Celebrate America Festival: Noon to 5 p.m., Nov. 6, Catholic Church of Saint Monica, sponsored by the Knights of Columbus. The Festival will honor the military, community fire, police, emergency personnel and governmental workers. More info: email@example.com.
(NEW) Concert To Honor Veterans, by the Stone Mountain Barbershoppers, at the Gwinnett Performing Arts Center. Times: 8:30 p.m., Nov. 11; and 3 p.m. and 8 p.m., Nov. 12. The program features musical selections that bring back memories of "Route 66." For more details, visit online.
Harvest Homecoming Dance: 7 p.m., Nov. 12, Racquet Club of the South. To benefit the Norcross Cluster School Partnership. Tickets are $40. Order online at www.norcrosscsp.org.
Fourth Annual LaJazz: 6 p.m. to 10 p.m., Nov. 13 at Footprints Cafe in Lawrenceville and the same time Nov. 20 at Purple Rain in Duluth. Both events benefit Alpha Kappa Alpha Sorority and the Gwinnett Pearls of Service Foundation. More info.

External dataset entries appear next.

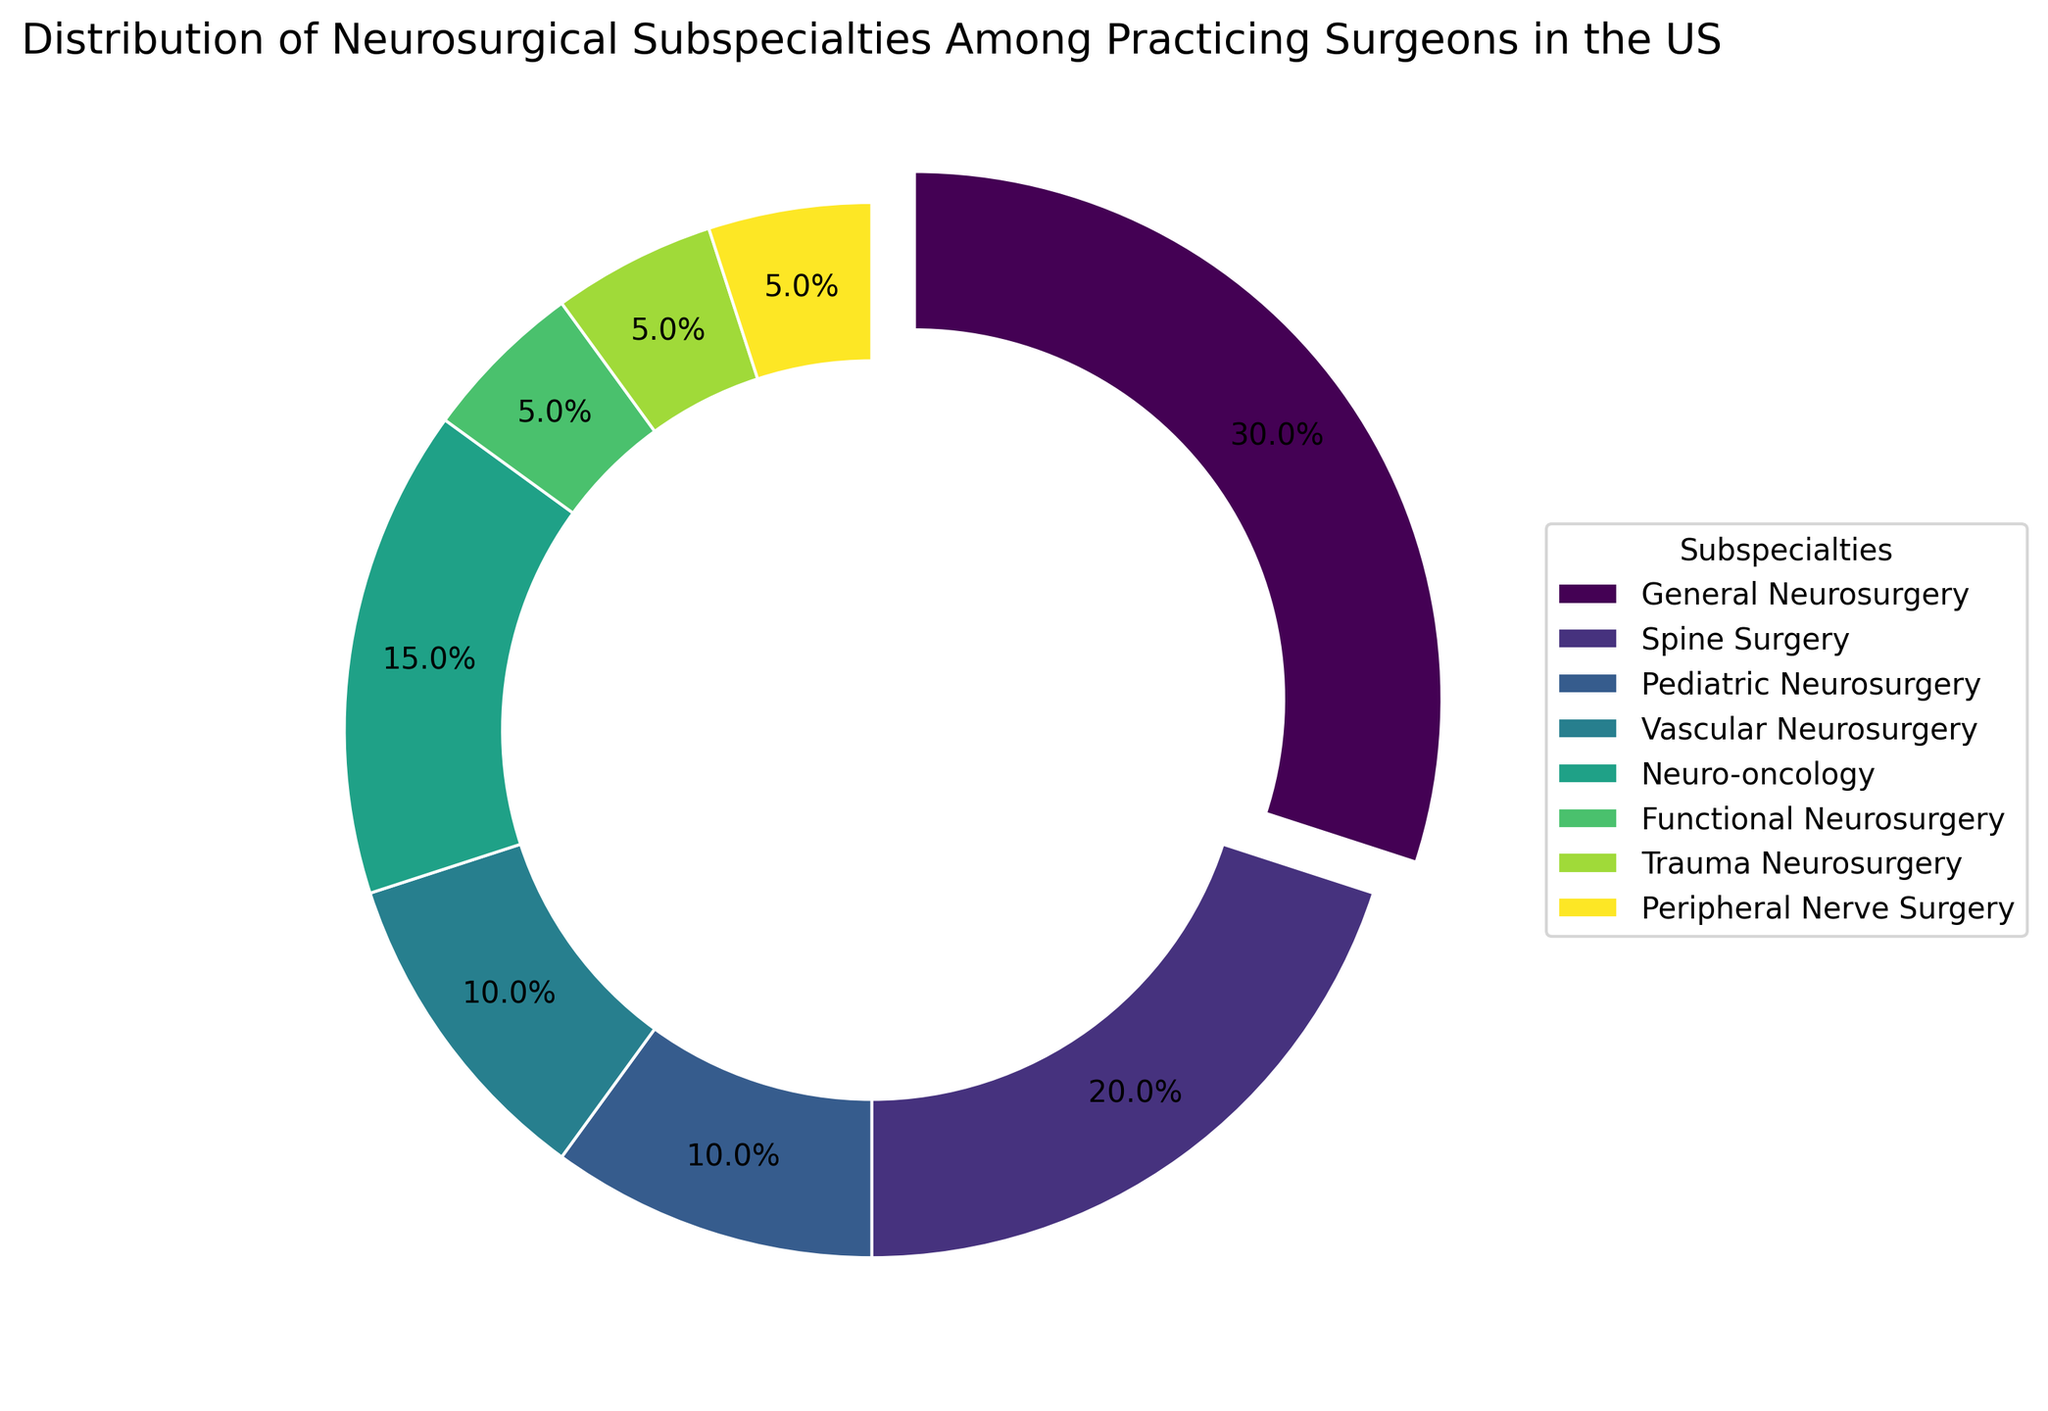Which neurosurgical subspecialty has the largest percentage of practicing surgeons? The segment with the largest percentage is exploded out from the ring, which helps to identify it quickly as General Neurosurgery with 30%.
Answer: General Neurosurgery Which two subspecialties have the same percentage of practicing surgeons? By examining the sizes and percentages of each segment, it is evident that Trauma Neurosurgery, Functional Neurosurgery, and Peripheral Nerve Surgery each have 5%. Any pair among these three will have the same percentage.
Answer: Trauma Neurosurgery and Functional Neurosurgery (or any pair among the three) How much larger is the percentage of Spine Surgery compared to Pediatric Neurosurgery? Spine Surgery has 20%, while Pediatric Neurosurgery has 10%. The difference is 20% - 10% = 10%.
Answer: 10% What is the combined percentage of surgeons specializing in Vascular Neurosurgery and Neuro-oncology? Vascular Neurosurgery is 10% and Neuro-oncology is 15%. Their combined percentage is 10% + 15% = 25%.
Answer: 25% How much smaller is the percentage of Pediatric Neurosurgery compared to General Neurosurgery? General Neurosurgery is 30%, while Pediatric Neurosurgery is 10%. The difference is 30% - 10% = 20%.
Answer: 20% Which subspecialty is represented using the darkest color? By examining the color gradient from light to dark, the segment with the darkest color is General Neurosurgery, which also has the largest percentage.
Answer: General Neurosurgery Are there more surgeons specializing in Spine Surgery or in Neuro-oncology? Spine Surgery has a 20% share while Neuro-oncology has 15%. Comparing these values shows that there are more surgeons in Spine Surgery.
Answer: Spine Surgery Which subspecialty has the smallest percentage of practicing surgeons, excluding those that have the same smallest percentage? Functional Neurosurgery, Trauma Neurosurgery, and Peripheral Nerve Surgery each have 5%. Since they share the same smallest percentage, there is no single subspecialty with the smallest percentage when they all are considered.
Answer: Functional Neurosurgery, Trauma Neurosurgery, and Peripheral Nerve Surgery What is the difference between the percentages of surgeons in Pediatric Neurosurgery and Vascular Neurosurgery? Both Pediatric Neurosurgery and Vascular Neurosurgery have the same percentage of 10%. The difference, therefore, is 10% - 10% = 0%.
Answer: 0% How many subspecialties have a percentage of 10% or more? General Neurosurgery (30%), Spine Surgery (20%), Pediatric Neurosurgery (10%), Vascular Neurosurgery (10%), and Neuro-oncology (15%) each have percentages of 10% or more. Counting these gives a total of 5 subspecialties.
Answer: 5

Colored Pencil Odyssey exhibition of six artists: Now through Nov. 25, St. Edward's Episcopal Church, 737 Moon Road in Lawrenceville. These 24 drawings are from members of the Atlanta chapter of the Colored Pencil Society. The gallery is free to the public, with viewing hours 10 a.m. until 4 p.m. Monday through Friday, and 9 a.m. until 12:30 p.m. on Sunday. For more information, call 770-963-6128.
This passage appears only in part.